Barrierefreiheit betrifft längst nicht nur Gebäude, Möbel und technische Ausstattung. Genauso wichtig ist die Frage, wie man z. B. Arbeitszeiten und Arbeitsabläufe organisiert.

Zurück ins Arbeitsleben: Ronald Behrend

Porträtfoto: Ronald Behrend.

Ronald Behrend ist Diplom-Betriebswirt, Prozesstechniker, Erwachsenenbildner. Er mag Zahlen und Menschen. Ersteres glauben wir ihm, Letzteres erlebt, wer mit ihm ins Gespräch kommt.

Ronald Behrend leitet im Überbetrieblichen Bildungszentrum in Ostbayern (ÜBZO) die Abteilung für Arbeitsmarktmaßnahmen. Das Angebot reicht von Arbeitserprobungen über Fortbildungen bis hin zu Umschulungen und Qualifizierungen. Das Ziel: Menschen (wieder) fitzumachen für den ersten Arbeitsmarkt und die Herausforderungen der Digitalisierung in der Bildung zu meistern. Den Weg, den die Teilnehmerinnen und Teilnehmer vor sich haben, kennt Behrend aus eigener Erfahrung. Er war 19 Jahre alt, hatte gerade seine Ausbildung zum Möbelschreiner abgeschlossen und sich bei der Bundeswehr verpflichtet, als er 1986 mit dem Motorrad verunglückte. Er verlor sein linkes Bein, sein linker Arm ist seither gelähmt. Weil sein Bein weit oben abgetrennt wurde, tat er sich schwer mit Prothesen. Krücken waren wegen seines unbeweglichen Arms keine Alternative. Also sitzt Ronald Behrend im Rollstuhl. Ein paar Stufen überwindet er notfalls hüpfend auf einem Bein. Doch eine barrierefreie Umgebung zieht er ganz klar vor.

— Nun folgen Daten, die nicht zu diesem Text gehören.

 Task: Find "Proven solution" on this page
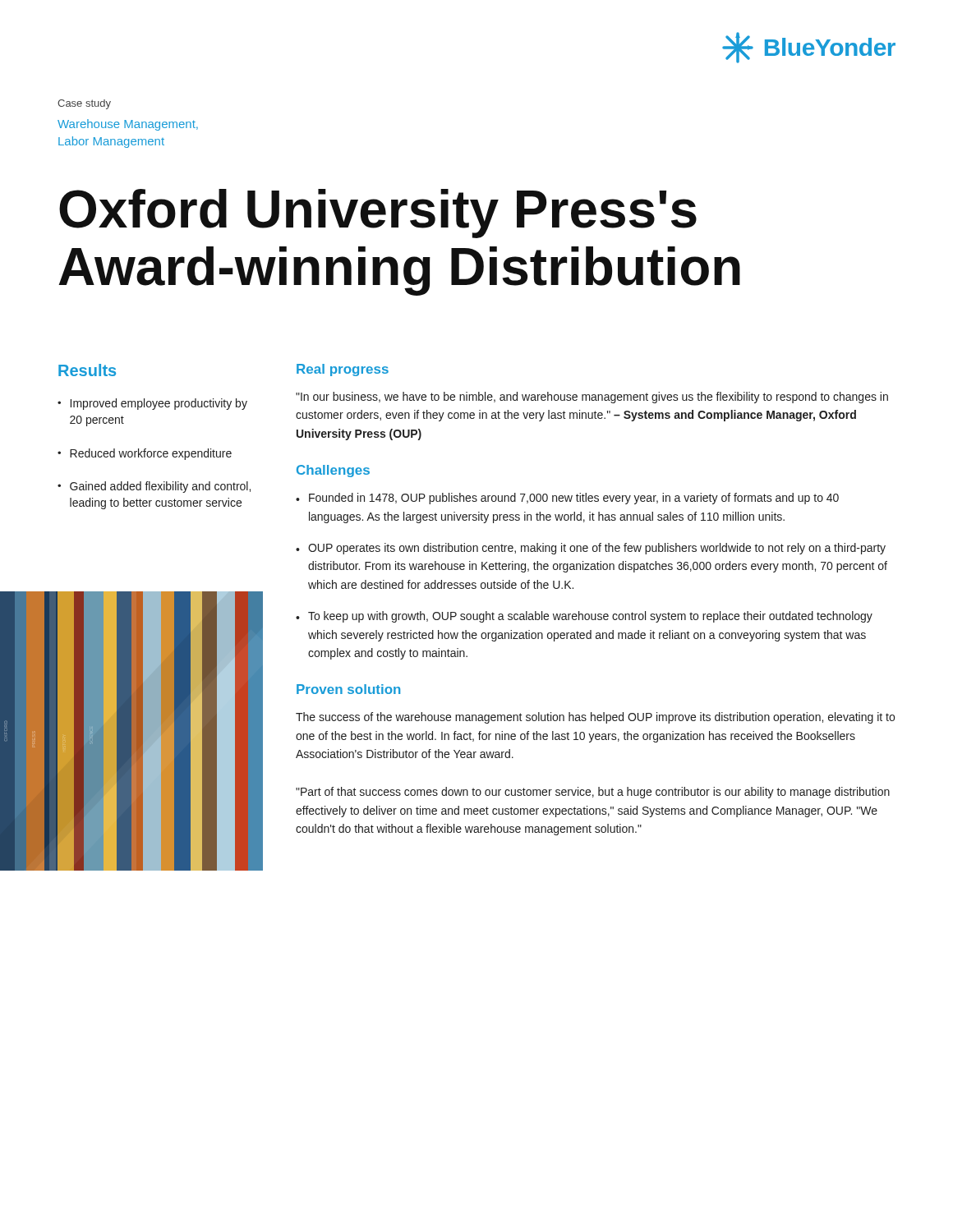pyautogui.click(x=349, y=690)

Keine Lust aufs Standardangebot

Möbel bauen konnte Behrend nach dem Unfall nicht mehr. Sobald er sich ins Leben zurückgekämpft hatte, stand für Ronald Behrend fest: „Ich will nicht in einem Büro vergammeln.“ Doch es waren die 80er-Jahre, für Menschen mit Behinderung hatte das Arbeitsamt damals nur einige wenige Standardangebote parat: Pförtner, Telefonist oder, bestenfalls, etwas Kaufmännisches. Ronald Behrend hatte andere Pläne. Er erstritt sich finanzielle Beihilfen, um die Realschule zu besuchen. Die schloss er erfolgreich ab, hängte gleich noch das Fachabitur dran, studierte dann BWL mit Schwerpunkt Personalwirtschaft und anschließend mit Schwerpunkt Finanzwirtschaft. Also doch ins Büro? Ronald Behrend lacht. „Ich kann halt ganz gut mit Menschen und mit Zahlen.“

Ich kann zwar nichts mehr herstellen – aber ich kann Menschen etwas beibringen!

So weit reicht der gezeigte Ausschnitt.